The implications of ID are earthshaking, which explains the ardent assault on the movie. Accept that ID has legs, and the foundations of the neo-Darwinian scheme collapse, which affects a good number of academic pursuits that use a Darwinian template. Psychology, bioethics, anthropology–all would require a new base.

John Rennie, editor in chief of the journal Scientific American, in his review of “Expelled” called ID proponents “anti-intellectual” and “cranks” who don’t grasp science fundamentals.

In the film, Stein plays a game of “Who’s on First?” with evolutionist Michael Ruse over how life may have arisen on the backs of crystals, as Ruse suggested. Ruse’s circular reasoning finally causes him to concede that he doesn’t know the answer as to what the catalyst for life was. His, too, is a faith position. He has admitted as much lately, calling evolution a philosophical belief. So the question remains: Whose faith position holds more water?

Rennie of Scientific American wrote: “‘We don’t know yet’ is what defines the fruitful frontier of science; it is what directs scientists’ curiosity and motivates them to spend years on research. Research starts where knowledge and certainty drop off. It’s one of the many ironies of Expelled that Ben Stein says he wants this movie to free people to ask questions about science, but the ID theories he defends would close off inquiry with nonanswers.”

Rennie claims “mountains of evidence” for evolution while dismissing ID as a “smattering of vanity-press pamphlets.”

Mathematician and philosopher William Dembski of Southwestern Seminary, who appears in the film, told the TEXAN in an e-mail: “John Rennie’s review of ‘Expelled’ for Scientific American illustrates the very intolerance for freedom of inquiry and expression that Ben Stein unmasks in his film? Materialistic approaches to life’s origin have failed. In Rennie’s words, they constitute ‘nonanswers'” while “intelligent design promises to do far better than Rennie’s atheistic approach to science, and certainly can’t do worse.”

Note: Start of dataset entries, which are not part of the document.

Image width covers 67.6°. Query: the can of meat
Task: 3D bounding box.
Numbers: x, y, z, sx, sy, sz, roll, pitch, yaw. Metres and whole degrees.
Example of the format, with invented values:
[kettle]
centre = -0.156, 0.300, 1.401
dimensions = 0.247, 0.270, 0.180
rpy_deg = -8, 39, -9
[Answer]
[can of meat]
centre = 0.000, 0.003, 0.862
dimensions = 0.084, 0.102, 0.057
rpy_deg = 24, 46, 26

By the way, Dembski’s resume includes postdoctoral work in math at that watered-down excuse for an academic institution called M.I.T. At the University of Chicago he earned a doctorate in math and did advanced study in physics. At Princeton, he earned a master of divinity in its theological school and did post-grad work in computer science. From the University of Illinois at Chicago he holds an M.S. in statistics and a Ph.D. in philosophy. He has held prestigious National Science Foundation graduate and postdoctoral fellowships also.

Another “anti-intellectual crank,” Baylor distinguished professor of engineering Robert Marks, in responding to the Scientific American’s critique, said “the idea of ID is not to ‘close off inquiry’ but to broaden the frontier of investigation with a richer set of possibilities.”

Imagine if one has committed his life’s work to a Darwinian or neo-Darwinian explanation of biology, only to hear what he feared all along might be true: Absurdly improbable luck and eons of time–even hundreds of millions of years–won’t do. The improbability is too great and becoming greater with each day’s findings.

The human tendency is to fight back as if one’s years of primary research, publications and career depended on it. And that has been the typical response in the last 15 years or son as ID has ascended as a viable challenge to materialist orthodoxy.

As Dembski has written, this film will not change hardened minds, but hopefully it will embolden future scientists and thinkers to engage the evidence and follow it where it leads. This fight is about preserving honest inquiry and freedom of conscience in a free marketplace of ideas, and the worldview implications of this debate play out in the bioethics questions of our day. Baptists should care deeply about this.

As Christians, we should also rejoice that ID raises, without attempting to answer, the deeper question of “Who or what designed all this?” From that starting point, we are a step forward in engaging honest seekers in the marketplace and across the back fence with well-reasoned answers to the deepest questions.